═════ Source material
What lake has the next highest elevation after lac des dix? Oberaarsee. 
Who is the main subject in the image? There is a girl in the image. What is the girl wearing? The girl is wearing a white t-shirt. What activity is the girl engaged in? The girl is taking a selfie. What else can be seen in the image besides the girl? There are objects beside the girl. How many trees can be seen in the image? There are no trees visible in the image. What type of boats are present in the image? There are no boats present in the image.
══════════
═════ Source material
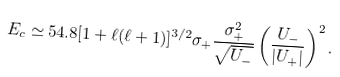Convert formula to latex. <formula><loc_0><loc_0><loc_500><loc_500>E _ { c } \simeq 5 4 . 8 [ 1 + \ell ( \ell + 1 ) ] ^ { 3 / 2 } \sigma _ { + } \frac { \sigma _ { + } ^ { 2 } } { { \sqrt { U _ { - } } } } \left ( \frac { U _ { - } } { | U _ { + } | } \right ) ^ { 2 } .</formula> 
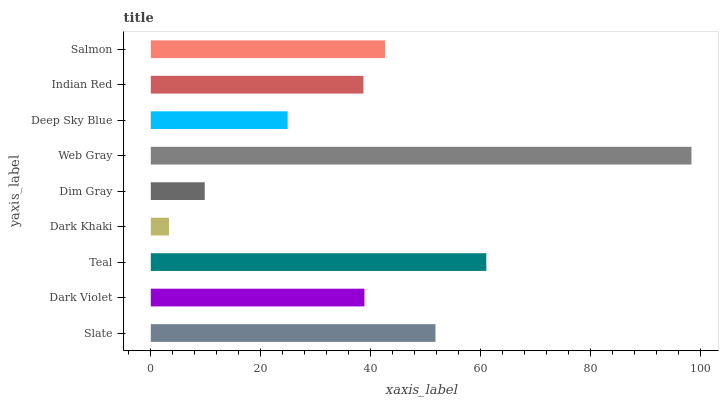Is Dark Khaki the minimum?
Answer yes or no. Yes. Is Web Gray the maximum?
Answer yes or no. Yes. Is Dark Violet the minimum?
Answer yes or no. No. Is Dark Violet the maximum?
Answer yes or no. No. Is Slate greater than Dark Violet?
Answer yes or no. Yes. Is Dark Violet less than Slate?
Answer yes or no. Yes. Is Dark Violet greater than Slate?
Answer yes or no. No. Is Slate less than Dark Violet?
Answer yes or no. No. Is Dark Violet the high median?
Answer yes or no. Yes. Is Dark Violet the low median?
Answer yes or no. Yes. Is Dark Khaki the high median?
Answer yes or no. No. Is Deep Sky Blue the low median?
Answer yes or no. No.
══════════
Take the material above from the line bearing "Convert formula to" through the line bearing "Answer yes or no. Yes. Is Dark Violet the low" and write it out exactly, both end lines included. Pictures stay out.

• _Exercise result_
Convert formula to latex. <formula><loc_0><loc_0><loc_500><loc_500>E _ { c } \simeq 5 4 . 8 [ 1 + \ell ( \ell + 1 ) ] ^ { 3 / 2 } \sigma _ { + } \frac { \sigma _ { + } ^ { 2 } } { { \sqrt { U _ { - } } } } \left ( \frac { U _ { - } } { | U _ { + } | } \right ) ^ { 2 } .</formula> 
Is Dark Khaki the minimum?
Answer yes or no. Yes. Is Web Gray the maximum?
Answer yes or no. Yes. Is Dark Violet the minimum?
Answer yes or no. No. Is Dark Violet the maximum?
Answer yes or no. No. Is Slate greater than Dark Violet?
Answer yes or no. Yes. Is Dark Violet less than Slate?
Answer yes or no. Yes. Is Dark Violet greater than Slate?
Answer yes or no. No. Is Slate less than Dark Violet?
Answer yes or no. No. Is Dark Violet the high median?
Answer yes or no. Yes. Is Dark Violet the low median?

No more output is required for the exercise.